Я взял смелость проронить слово и ответил:
- Умею.
- А умеешь, то и ладно! - молвил он и в одно мгновение вскинул меня
на одно плечо, а брата - на другое, велел нам взяться друг с другом руками
за его затылком, а сам покрыл нас своею свиткою, прижал к себе наши колена
и понес нас, скоро и широко шагая по грязи, которая быстро растворялась и
чавкала под его твердо ступавшими ногами, обутыми в большие лапти.

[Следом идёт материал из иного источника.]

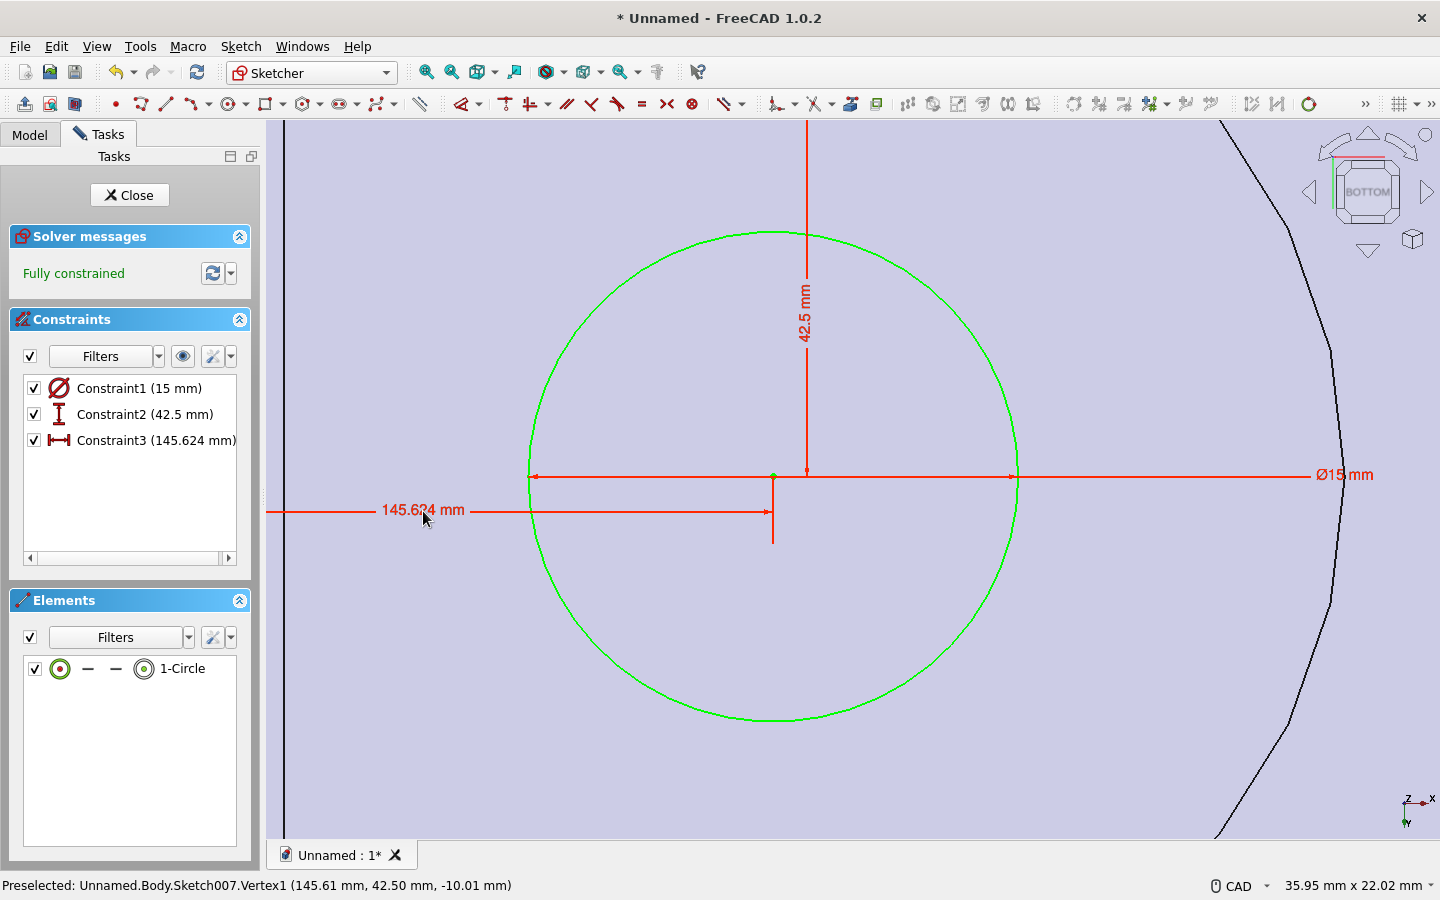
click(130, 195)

Мы сидели на его плечах, покрытые его свитою. Это, должно быть,
выходила пребольшая фигура, но нам было удобно: свита замокла от ливня и
залубенела так, что нам под нею и сухо и тепло было. Мы покачивались на
плечах нашего носильщика, как на верблюде, и скоро впали в какое-то
каталептическое состояние, а пришли в себя у родника, на своей усадьбе. Для
меня лично это был настоящий глубокий сон, из которого пробуждение
наступало не разом. Я помню, что нас разворачивал из свиты этот самый
мужик, которого теперь окружали все наши Аннушки, и все они вырывали нас у
него из рук и при этом самого его за что-то немилосердно бранили, и свитку
его, в которой мы были им так хорошо сбережены, бросили ему с величайшим
презрением на землю. Кроме того, ему еще угрожали приездом моего отца и
тем, что они сейчас сбегают на деревню, позовут с цепами баб и мужиков и
пустят на него собак.
Я решительно не понимал причины такой жестокой несправедливости, и это
было не удивительно, потому что дома у нас, вовсем господствовавшем теперь
временном правлении, был образован заговор, чтобы нам ничего не открывать о
том, кто был этот человек, которому мы были обязаны своим спасением.
- Ничем вы ему не обязаны, - говорили нам наши охранительницы, - а
напротив, это он-то все и наделал.
По этим словам я тотчас же догадался, что нас спас не кто иной, как
сам Селиван!
ГЛАВА ОДИННАДЦАТАЯ
Оно так и было. На другой день, ввиду возвращения родителей, нам это
открыли и взяли с нас клятву, чтобы мы ни за что не говорили отцу и матери
о происшедшей с нами истории.
В те времена, когда водились крепостные люди, иногда случалось, что
помещичьи дети питали к крепостной прислуге самые нежные чувства и крепко
хранили их тайны. Так было и у нас. Мы даже покрывали, как умели, грехи и
проступки "своих людей" перед родителями. Такие отношения упоминаются во
многих произведениях, где описывается помещичий быт того времени. Что до
меня, то мне наша детская дружба с нашими бывшими крепостными до сих пор
составляет самое приятное и самое теплое воспоминание. Через них мы знали
все нужды и все заботы бедной жизни их родных и друзей на деревне и учились
жалеть народ. Но этот добрый народ, к сожалению, сам не всегда был
справедлив и иногда был способен для очень неважных причин бросить на
ближнего темную тень, не заботясь о том, какое это может иметь вредное
влияние. Так поступал "народ" и с Селиваном, об истинном характере и
правилах которого не хотели знать ничего основательного, но смело, не боясь
погрешить перед справедливостию, распространяли о нем слухи, сделавшие его
для всех пугалом. И, к удивлению, все, что о нем говорили, не только
казалось вероятным, но даже имело какие-то видимые признаки, по которым
приходилось думать, что Селиван в самом деле человек дурной и что вблизи
его уединенного жилища происходят страшные злодейства.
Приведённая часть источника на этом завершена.